Top of Data extract
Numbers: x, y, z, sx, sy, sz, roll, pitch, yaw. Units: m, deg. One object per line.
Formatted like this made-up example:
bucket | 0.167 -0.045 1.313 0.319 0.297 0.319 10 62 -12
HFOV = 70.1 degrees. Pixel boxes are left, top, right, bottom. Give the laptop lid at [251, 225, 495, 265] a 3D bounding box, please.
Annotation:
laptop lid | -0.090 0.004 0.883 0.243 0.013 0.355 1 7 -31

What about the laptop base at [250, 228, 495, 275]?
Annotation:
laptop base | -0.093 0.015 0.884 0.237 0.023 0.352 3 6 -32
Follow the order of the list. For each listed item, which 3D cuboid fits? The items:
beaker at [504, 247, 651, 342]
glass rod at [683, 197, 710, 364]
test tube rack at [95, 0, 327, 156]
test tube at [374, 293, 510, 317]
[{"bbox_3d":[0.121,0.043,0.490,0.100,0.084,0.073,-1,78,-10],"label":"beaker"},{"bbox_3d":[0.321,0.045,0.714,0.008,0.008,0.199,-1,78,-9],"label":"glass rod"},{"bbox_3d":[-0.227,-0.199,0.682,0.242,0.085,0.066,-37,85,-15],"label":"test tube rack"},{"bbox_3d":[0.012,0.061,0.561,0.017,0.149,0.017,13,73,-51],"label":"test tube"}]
Bottom of Data extract
Top of Data extract
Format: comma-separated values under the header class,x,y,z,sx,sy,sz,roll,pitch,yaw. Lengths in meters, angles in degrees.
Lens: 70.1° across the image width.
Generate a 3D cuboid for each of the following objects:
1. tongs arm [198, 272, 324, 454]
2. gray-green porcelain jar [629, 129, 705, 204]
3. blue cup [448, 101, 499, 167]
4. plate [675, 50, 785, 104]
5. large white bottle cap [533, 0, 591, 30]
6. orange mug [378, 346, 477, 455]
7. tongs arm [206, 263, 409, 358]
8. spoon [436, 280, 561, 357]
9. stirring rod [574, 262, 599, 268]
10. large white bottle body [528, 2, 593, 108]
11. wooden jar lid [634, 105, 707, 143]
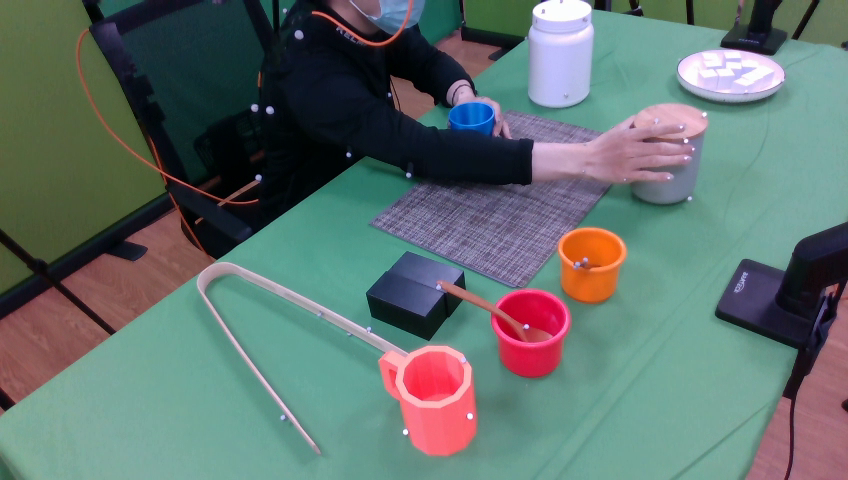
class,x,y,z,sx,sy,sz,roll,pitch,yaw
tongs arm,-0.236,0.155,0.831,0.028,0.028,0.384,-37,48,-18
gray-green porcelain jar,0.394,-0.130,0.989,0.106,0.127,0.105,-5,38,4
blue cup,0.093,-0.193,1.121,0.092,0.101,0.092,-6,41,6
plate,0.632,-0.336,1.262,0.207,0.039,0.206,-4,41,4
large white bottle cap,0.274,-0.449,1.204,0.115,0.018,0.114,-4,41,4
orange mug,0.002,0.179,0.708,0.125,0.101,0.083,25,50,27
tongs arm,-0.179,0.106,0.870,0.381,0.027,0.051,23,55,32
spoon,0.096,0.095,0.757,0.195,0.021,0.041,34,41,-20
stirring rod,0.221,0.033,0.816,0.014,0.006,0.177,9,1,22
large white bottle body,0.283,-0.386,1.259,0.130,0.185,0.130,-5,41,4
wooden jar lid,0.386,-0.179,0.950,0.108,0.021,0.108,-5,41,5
Bottom of Data extract
# What the task requires
Lines containing the string "each" in the entries above should be counted. State that number alone.

# Result of the task
2